Your dentist’s recommendation will usually come down to which tooth needs the crown. Zirconia for molars, E-Max or layered zirconia for front teeth.
Durability and Long-Term Value
Zirconia is the toughest ceramic material used in dentistry. It resists cracking under heavy bite forces, which is the main reason it’s become the default for back teeth. In clinical studies, zirconia restorations show five-year survival rates above 90 percent, comparable to traditional metal-based options.

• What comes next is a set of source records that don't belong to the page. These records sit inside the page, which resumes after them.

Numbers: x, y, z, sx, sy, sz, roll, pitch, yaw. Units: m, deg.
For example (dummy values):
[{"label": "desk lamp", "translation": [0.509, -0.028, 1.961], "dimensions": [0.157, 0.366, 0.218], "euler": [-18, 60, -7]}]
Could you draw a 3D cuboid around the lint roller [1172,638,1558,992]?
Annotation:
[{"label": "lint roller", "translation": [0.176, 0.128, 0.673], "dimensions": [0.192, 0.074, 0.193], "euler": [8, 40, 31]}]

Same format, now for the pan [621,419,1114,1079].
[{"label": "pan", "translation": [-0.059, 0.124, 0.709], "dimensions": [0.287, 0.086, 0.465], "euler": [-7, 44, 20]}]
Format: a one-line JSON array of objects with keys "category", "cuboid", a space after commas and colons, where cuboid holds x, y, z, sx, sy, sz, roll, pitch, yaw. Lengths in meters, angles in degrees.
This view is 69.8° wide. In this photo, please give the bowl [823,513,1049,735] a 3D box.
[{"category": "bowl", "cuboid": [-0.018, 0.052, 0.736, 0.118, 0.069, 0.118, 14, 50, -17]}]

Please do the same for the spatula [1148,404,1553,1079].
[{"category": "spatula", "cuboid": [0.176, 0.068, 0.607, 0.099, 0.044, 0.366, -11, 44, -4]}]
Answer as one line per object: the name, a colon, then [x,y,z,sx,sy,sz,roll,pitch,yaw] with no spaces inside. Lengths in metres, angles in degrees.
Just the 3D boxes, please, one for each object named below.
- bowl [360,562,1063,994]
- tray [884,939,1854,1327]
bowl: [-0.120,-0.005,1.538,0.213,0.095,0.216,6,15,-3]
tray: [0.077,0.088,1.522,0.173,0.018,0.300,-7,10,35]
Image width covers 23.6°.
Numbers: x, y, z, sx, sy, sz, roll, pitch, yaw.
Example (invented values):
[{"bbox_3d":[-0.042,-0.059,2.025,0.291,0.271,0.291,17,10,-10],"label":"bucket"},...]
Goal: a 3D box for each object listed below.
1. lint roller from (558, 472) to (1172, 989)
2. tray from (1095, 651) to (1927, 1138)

Over longer periods, the data gets more nuanced. Ten-year survival rates for zirconia bridges (which endure more stress than single crowns) drop to around 53 percent in some studies, with chipping of porcelain layers being the most common issue. Single crowns generally hold up better than bridges because they don’t span a gap between teeth, but the message is clear: zirconia is not a lifetime guarantee. Expect to get at least a decade of use from a well-made zirconia crown, and potentially much longer with good oral care.
One factor worth considering is how zirconia interacts with the teeth it bites against. All ceramics can wear down natural enamel over time, but polished zirconia is actually gentler on opposing teeth than many alternatives. The key word is “polished.” If the surface is glazed rather than polished, it becomes significantly more abrasive. If you grind your teeth at night, ask your dentist about wearing a night guard to protect both the crown and the teeth around it.
How to Lower Your Out-of-Pocket Cost
If the sticker price feels steep, you have options. Many dental offices offer payment plans or work with third-party financing that lets you spread the cost over 6 to 24 months, sometimes interest-free. Dental discount plans (not insurance, but membership programs) can reduce the fee by 15 to 30 percent at participating dentists. And if you’re near a dental school, supervised clinics often perform crown procedures at significantly reduced rates, though the process takes longer.
Getting quotes from two or three offices in your area is one of the simplest ways to save. Pricing varies enough from one practice to the next that a few phone calls can easily save you several hundred dollars on the same procedure with the same material.